Hi @Plague und @Worrior
icv fand eure Gedanken und die Anderer sehr interessant und knüpf hier gerne an.
Hallo auch an den Themeneröffner,

Ich kann den Grundgedanken grundsätzlich nachvollziehen, dass Overthinking oft aus innerer Unsicherheit entsteht und dass es problematisch ist, diese ungefiltert beim Partner abzuladen. Dem stimme ich zu.

Mit dem Punkt der „mangelnden emotionalen Selbstwahrnehmung“ gehe ich allerdings nicht ganz mit. Nicht jede Irritation oder jedes Nachdenken über Veränderungen im Kontakt ist automatisch ein Zeichen davon. Gerade in einer Fernbeziehung sind Kommunikationsmuster ein zentraler Beziehungsträger. Wenn sich die Frequenz oder der Tonfall von Nachrichten spürbar verändert, zum Beispiel von warmherzig zu eher kühl oder distanziert, auch durch weniger Emojis oder kürzere Antworten, kann das real verunsichern. Dafür muss man weder besonders unsicher noch instabil sein. Das passiert auch reflektierten Menschen, die aufmerksam auf ihre Beziehung schauen.

Aus meiner Sicht ist entscheidend, wie man damit umgeht. Statt zu interpretieren oder Vorwürfe zu machen, halte ich es für sinnvoll, das Gespräch zu suchen, wenn man sich sieht, und die eigenen Bedürfnisse klar und ruhig zu benennen: Was brauche ich, um mich verbunden zu fühlen? Für den einen sind das z.B. ein Guten-Morgen- und Gute-Nacht-Gruß, ein abendlicher Videocall oder generell mehr Verbindlichkeit im Kontakt.

Wenn das Gegenüber sagt, dass es diese Form von Nähe gar nicht braucht und ihm die gemeinsamen Tage pro Woche völlig ausreichen, dann geht es weniger um richtig oder falsch, sondern um unterschiedliche Nähe-Distanz-Bedürfnisse.
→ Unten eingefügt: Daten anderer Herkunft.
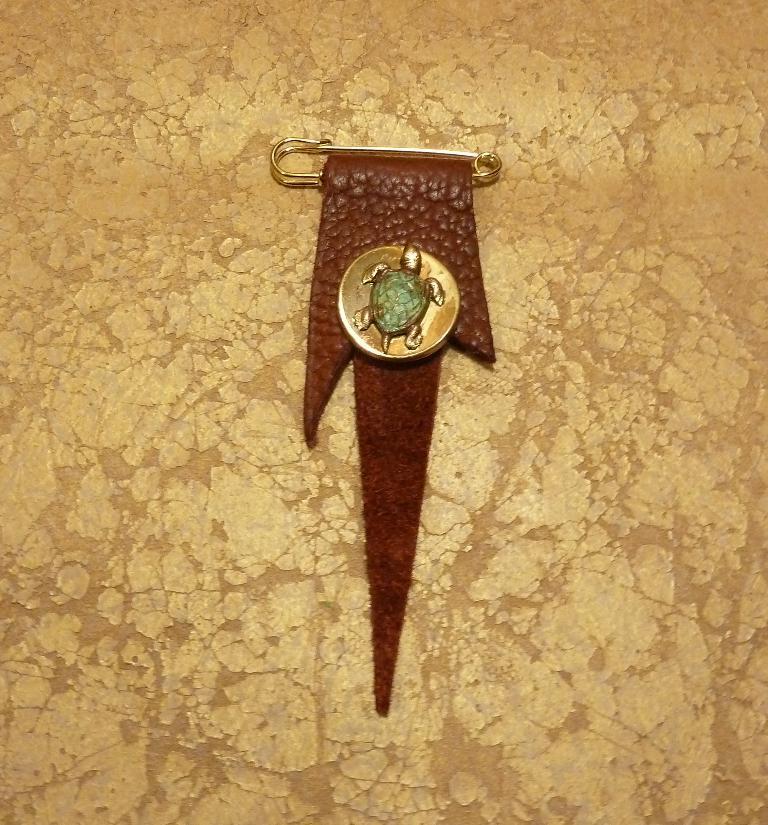Describe this image in one or two sentences. In the picture we can see a cloth on it we can see a pin with a batch and on it we can see a turtle symbol. 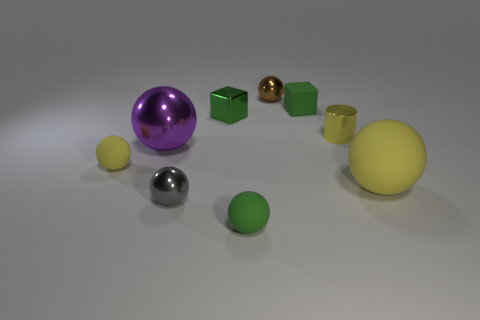Does the yellow matte thing to the left of the green matte cube have the same shape as the matte object that is behind the tiny cylinder?
Make the answer very short. No. What number of objects are small matte spheres or things that are behind the small yellow sphere?
Offer a very short reply. 7. How many other things are there of the same shape as the small green shiny thing?
Your answer should be compact. 1. Does the yellow ball to the right of the big purple metallic object have the same material as the green sphere?
Your response must be concise. Yes. What number of objects are tiny yellow cylinders or blue shiny balls?
Offer a very short reply. 1. The purple shiny thing that is the same shape as the small gray object is what size?
Give a very brief answer. Large. What is the size of the brown metallic object?
Ensure brevity in your answer.  Small. Are there more tiny metallic objects that are to the left of the metal block than small gray metallic cylinders?
Offer a terse response. Yes. There is a rubber sphere that is left of the purple sphere; does it have the same color as the large ball right of the gray metal thing?
Your response must be concise. Yes. The yellow sphere that is right of the green matte thing behind the big object in front of the tiny yellow rubber sphere is made of what material?
Offer a terse response. Rubber. 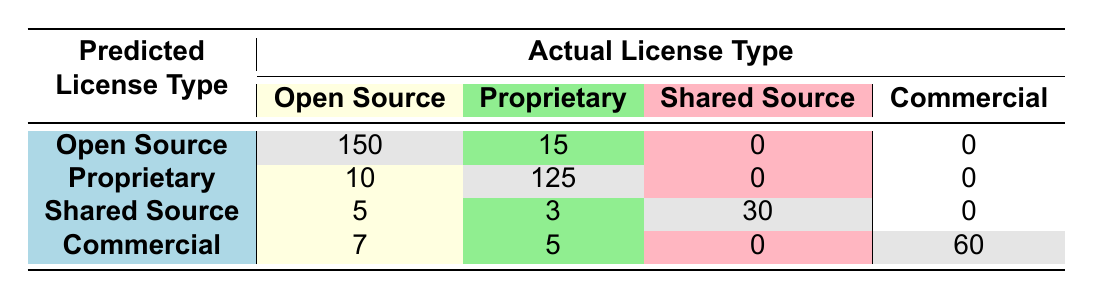What is the total number of actual Open Source licenses predicted as Open Source? In the table, the row labeled 'Open Source' under the 'Predicted License Type' column shows an actual license count of 150. This indicates that 150 actual Open Source licenses were correctly identified as Open Source.
Answer: 150 How many licenses were misclassified as Proprietary when they were actually Open Source? From the 'Open Source' row under the 'Predicted License Type', there is a count of 15 licenses that were predicted as Open Source but were actually Proprietary.
Answer: 15 What is the total number of licenses predicted as Shared Source? Adding the counts from the 'Shared Source' row, we have 30 (Shared Source to Shared Source) + 5 (Shared Source to Open Source) + 3 (Shared Source to Proprietary), which equals 38.
Answer: 38 Are there any licenses predicted as Commercial that were classified under Shared Source? Looking at the table, there is no count in the 'Commercial' row under the 'Shared Source' column, indicating that there were zero licenses incorrectly classified in that manner.
Answer: No What percentage of the total licenses are correctly predicted as Open Source? The total number of licenses is calculated as 150 (Open Source) + 15 (Open Source as Proprietary) + 10 (Proprietary as Open Source) + 125 (Proprietary) + 30 (Shared Source) + 5 (Shared Source as Open Source) + 3 (Shared Source as Proprietary) + 60 (Commercial) + 7 (Commercial as Open Source) + 5 (Commercial as Proprietary) = 410. The correctly predicted Open Source licenses are 150. The percentage is (150/410) * 100 = 36.59%.
Answer: 36.59% What is the difference between the actual number of Proprietary licenses and the predicted count of Proprietary licenses? The actual count of Proprietary licenses is 15 + 125 + 0 + 0, totaling 140. The predicted count of Proprietary licenses is 10 + 125 + 0 + 0, totaling 135. The difference is 140 - 135 = 5, meaning there are 5 more actual Proprietary licenses than predicted.
Answer: 5 What is the total number of licenses predicted as Commercial that were actually either Open Source or Proprietary? From the 'Commercial' row, we see 7 (predicted Commercial but actually Open Source) and 5 (predicted Commercial but actually Proprietary). Adding these counts gives us 7 + 5 = 12.
Answer: 12 How many actual licenses were classified as Shared Source? The total count of actual Shared Source licenses is from the 'Shared Source' row, which indicates 30 licenses were correctly predicted as Shared Source, with no licenses incorrectly classified as Shared Source in the other rows, yielding a total of 30.
Answer: 30 Is it true that more licenses were predicted as Open Source than as Commercial? Yes, adding the numbers, we find 150 licenses were predicted as Open Source while only 60 were predicted as Commercial, confirming that more licenses were predicted as Open Source.
Answer: Yes 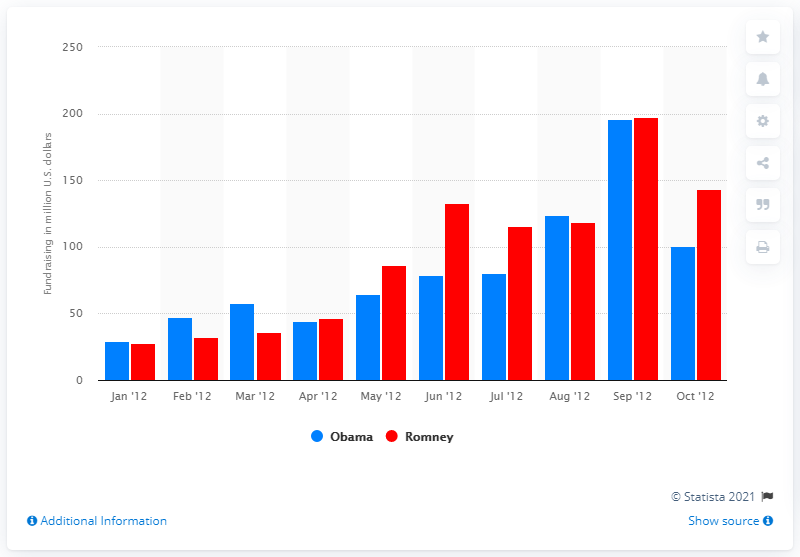Identify some key points in this picture. In August 2012, Barack Obama raised a significant amount of money. 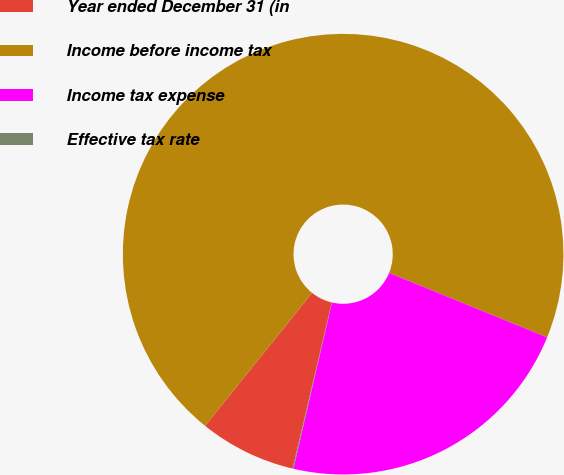<chart> <loc_0><loc_0><loc_500><loc_500><pie_chart><fcel>Year ended December 31 (in<fcel>Income before income tax<fcel>Income tax expense<fcel>Effective tax rate<nl><fcel>7.09%<fcel>70.38%<fcel>22.46%<fcel>0.06%<nl></chart> 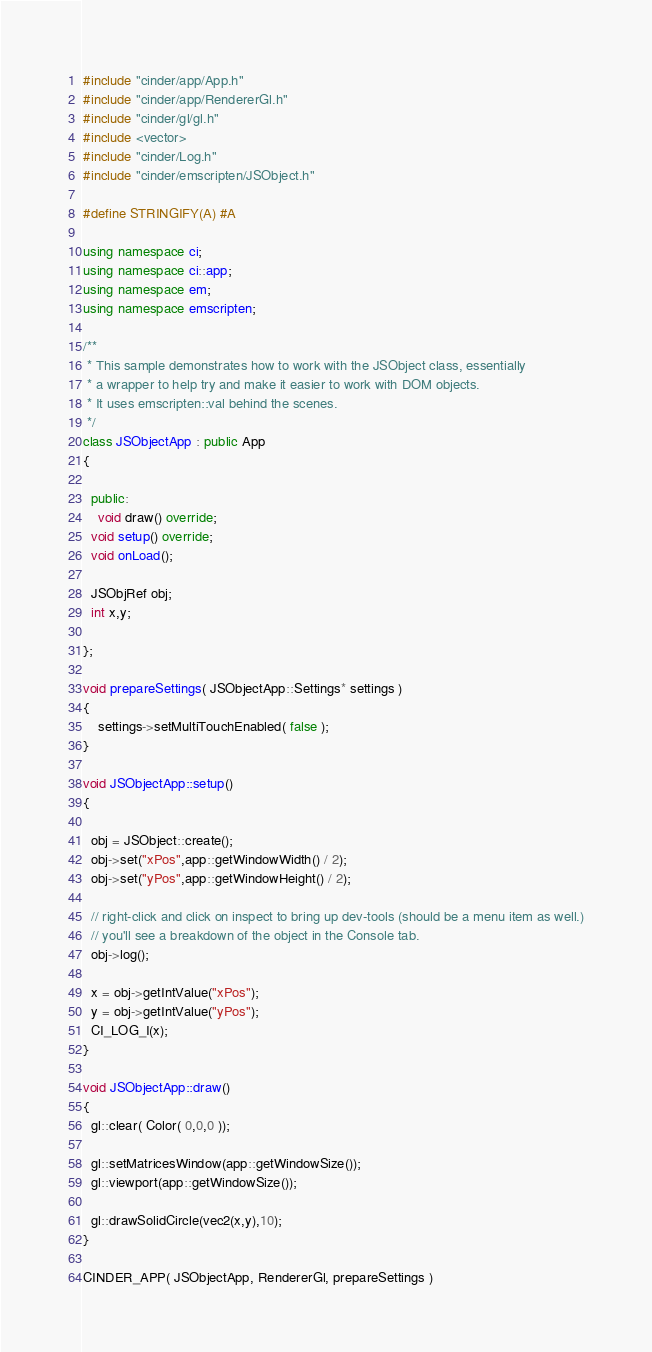Convert code to text. <code><loc_0><loc_0><loc_500><loc_500><_C++_>#include "cinder/app/App.h"
#include "cinder/app/RendererGl.h"
#include "cinder/gl/gl.h"
#include <vector>
#include "cinder/Log.h"
#include "cinder/emscripten/JSObject.h"

#define STRINGIFY(A) #A

using namespace ci;
using namespace ci::app;
using namespace em;
using namespace emscripten;

/**
 * This sample demonstrates how to work with the JSObject class, essentially 
 * a wrapper to help try and make it easier to work with DOM objects. 
 * It uses emscripten::val behind the scenes. 
 */
class JSObjectApp : public App 
{

  public:
	void draw() override;
  void setup() override;
  void onLoad();

  JSObjRef obj;
  int x,y;

};

void prepareSettings( JSObjectApp::Settings* settings )
{
	settings->setMultiTouchEnabled( false );
}

void JSObjectApp::setup()
{

  obj = JSObject::create();
  obj->set("xPos",app::getWindowWidth() / 2);
  obj->set("yPos",app::getWindowHeight() / 2);

  // right-click and click on inspect to bring up dev-tools (should be a menu item as well.)
  // you'll see a breakdown of the object in the Console tab.
  obj->log();

  x = obj->getIntValue("xPos");
  y = obj->getIntValue("yPos");
  CI_LOG_I(x);
}

void JSObjectApp::draw()
{
  gl::clear( Color( 0,0,0 ));

  gl::setMatricesWindow(app::getWindowSize());
  gl::viewport(app::getWindowSize());

  gl::drawSolidCircle(vec2(x,y),10);
}

CINDER_APP( JSObjectApp, RendererGl, prepareSettings )
</code> 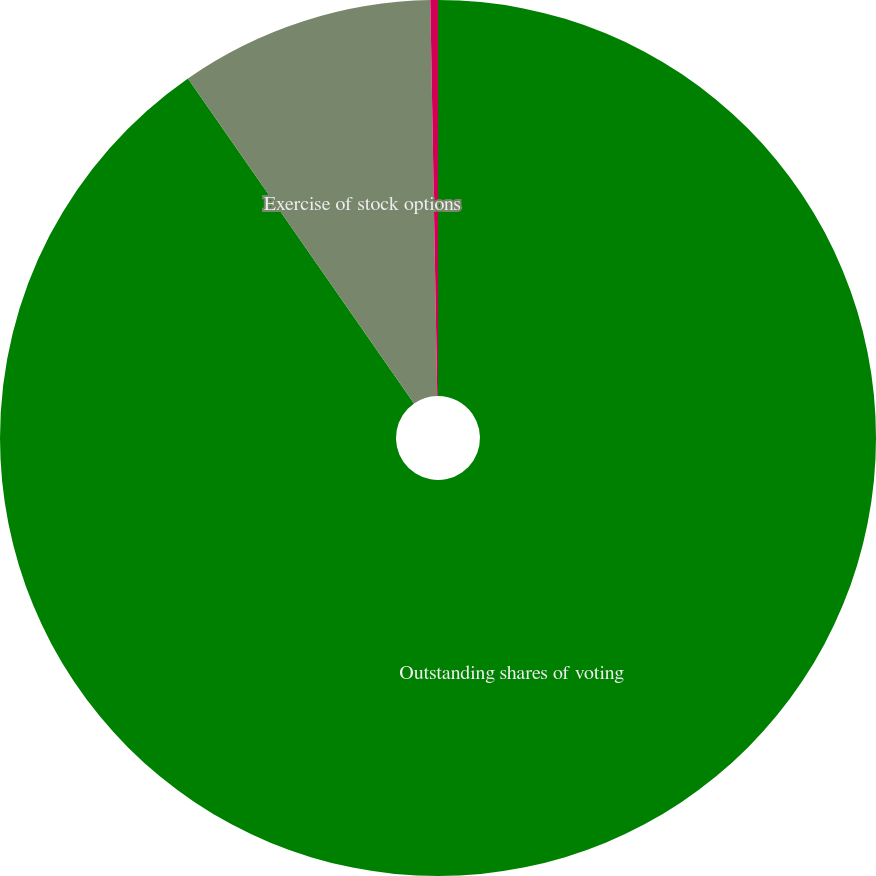Convert chart to OTSL. <chart><loc_0><loc_0><loc_500><loc_500><pie_chart><fcel>Outstanding shares of voting<fcel>Exercise of stock options<fcel>Issuance of restricted stock<nl><fcel>90.33%<fcel>9.39%<fcel>0.28%<nl></chart>

Dann muss man ehrlich prüfen, ob man damit langfristig umgehen kann oder ob die Bedürfnisse zu weit auseinanderliegen.

Hilfreich kann in Fernbeziehungen auch eine gemeinsame Perspektive sein: Gibt es ein Ziel, z.B. in absehbarer Zeit räumlich näher zusammenzurücken oder zusammenzuziehen? Eine geteilte Zukunftsvorstellung kann viel Unsicherheit herausnehmen.

Netten Gruß

x 4 #46


Plague
Zitat von QueenA:
Nicht jede Irritation oder jedes Nachdenken über Veränderungen im Kontakt ist automatisch ein Zeichen davon.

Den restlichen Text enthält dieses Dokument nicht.